# fight during sex



## joseermando (Jun 4, 2012)

me and my wife have been married for 4 years. We don't have sex frequently maybe once every 2-3 weeks. We tend to have some fights during sex (all in foreplay) which will result in aborting the mission.

My wife is the one who starts the fight, but she is always blaming me of making her angry by doing something she doesn't like, or by not doing anything interesting. 

Many times she ask me "why did you stop?" and I reply that I didn't stop, then she insists that I stopped reacting with her, and that will turn her off. which means I have to start everything from the beginning.

I don't know... is it normal to have a fight like that? any advice on how to fix this issue? thanks


----------



## River1977 (Oct 25, 2010)

I am really trying to understand, envision, and make sense of what you said. Did you stop or not? If you didn't, how can she say you stopped if you didn't stop? Please explain better because this doesn't make sense to me. I know I can be a very black & white person, but I am trying to understand how one person says things stopped, and the other person says things are still going. 

What is her complaint exactly?
What are you doing or not doing when she says you stopped?
If you are still doing whatever it is, how is it she thinks you stopped if you are still doing it?


----------



## The Renegade (May 16, 2012)

"Why did you stop?" 
"I have my reasons ... Ask me that again and I seriously have to punish you, baby." ... and keep doing what you're doing.

My take: Sex is not the right time for serious discussions. Ignore her words, put on a sly smile and play with that girl. (Soon it might become more frequent again as well).


----------



## Gaia (Apr 27, 2012)

joseermando said:


> My wife is the one who starts the fight, but she is always blaming me of making her angry by doing something she doesn't like, or by not doing anything interesting.


Now do you literally mean fights? Or... rough foreplay?


----------



## 2nd_t!me iz_best (Feb 28, 2011)

sounds like she is trying to get out of the monthly sex session


----------



## EleGirl (Dec 3, 2011)

You will need to look elsewhere in your relationship for why she is avoiding sex with you.


----------



## seesah (Apr 26, 2012)

joseermando said:


> me and my wife have been married for 4 years. We don't have sex frequently maybe once every 2-3 weeks. We tend to have some fights during sex (all in foreplay) which will result in aborting the mission.
> 
> My wife is the one who starts the fight, but she is always blaming me of making her angry by doing something she doesn't like, or by not doing anything interesting.
> 
> ...


Do you think maybe she just doesn't feel heard otherwise so she brings it up when she thinks you'll be more likely to listen to her?


----------



## joseermando (Jun 4, 2012)

River1977 said:


> I am really trying to understand, envision, and make sense of what you said. Did you stop or not? If you didn't, how can she say you stopped if you didn't stop? Please explain better because this doesn't make sense to me. I know I can be a very black & white person, but I am trying to understand how one person says things stopped, and the other person says things are still going.
> 
> What is her complaint exactly?
> What are you doing or not doing when she says you stopped?
> If you are still doing whatever it is, how is it she thinks you stopped if you are still doing it?
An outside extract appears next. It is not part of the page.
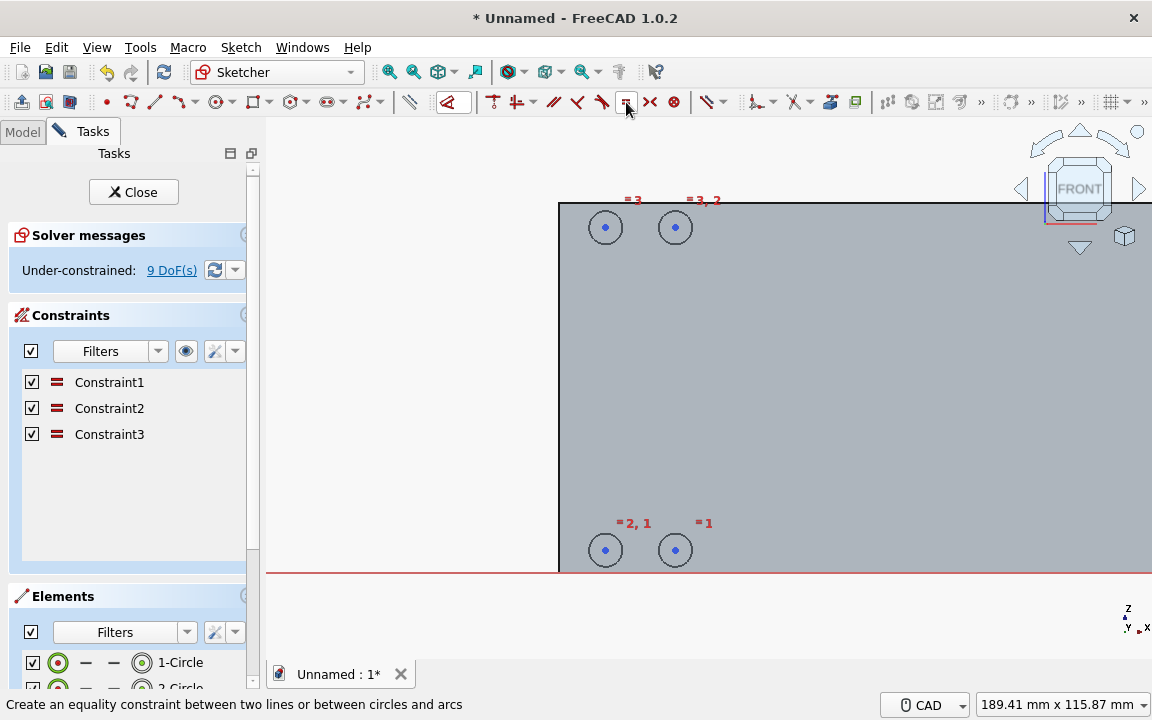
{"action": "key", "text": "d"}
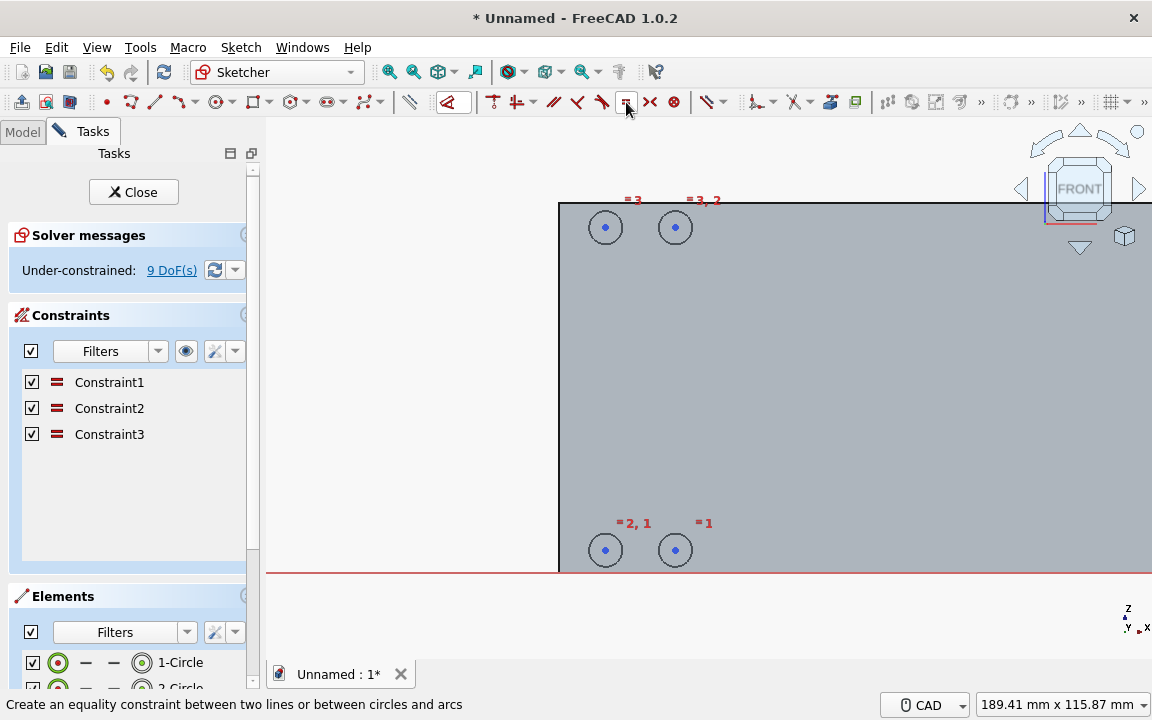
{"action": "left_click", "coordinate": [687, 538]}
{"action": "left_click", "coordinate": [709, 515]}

Well I think we have something like different rhythm. I tend to approach her slowly, it is just my nature. Usually she is passive and we are enjoying until she is turned on, then she start to move & react quickly.

I guess I cannot follow and react at the same rhythm, that's why she thinks I stopped. That's my guessing of what is really happening. If I really have to stop, it will be for few seconds just to calm myself down (to prevent ejaculation). I do have to stop sometimes when my arousal is at peak.


----------



## I'mInLoveWithMyHubby (Nov 7, 2011)

joseermando said:


> Well I think we have something like different rhythm. I tend to approach her slowly, it is just my nature. Usually she is passive and we are enjoying until she is turned on, then she start to move & react quickly.
> 
> I guess I cannot follow and react at the same rhythm, that's why she thinks I stopped. That's my guessing of what is really happening. If I really have to stop, it will be for few seconds just to calm myself down (to prevent ejaculation). I do have to stop sometimes when my arousal is at peak.


You need to tell her this. She needs to know exactly why you are stopping. If you did have sex more frequently, this wouldn't happen. I mean frequent, like 4-5 days of the week or so. She is probably does not like when you stop because what your doing in the moment is working her up to orgasm and killing the moment. It's difficult and frustrating when changing rhythms or positions too frequently. Let her take the lead. I know it's hard for you due to absence. Telling her why and being honest is key.

If you two were more emotionally connected to one another, you'd be having sex more frequently and the arguments during these precious times should stop.


----------



## geek down (May 10, 2012)

My wife used to 'stop' all the time during sex or foreplay.. I'd ask her why she stopped and she'd further stop to tell me she is not stopping..while she stops more. I ask her please dont stop, and guess what? she'd stop to yell at me telling me she didn't stop..

She'd start to give me a BJ and every single time she'd insist on stopping when i was about to climax. this would ruin the feeling and ruin the experience. what made it worse is she would yell and scream that she's not stopping..as she's stopping..


It's quite possible the reverse is happening here..


----------



## Runs like Dog (Feb 25, 2011)

Poster girl for High Maintenance.


----------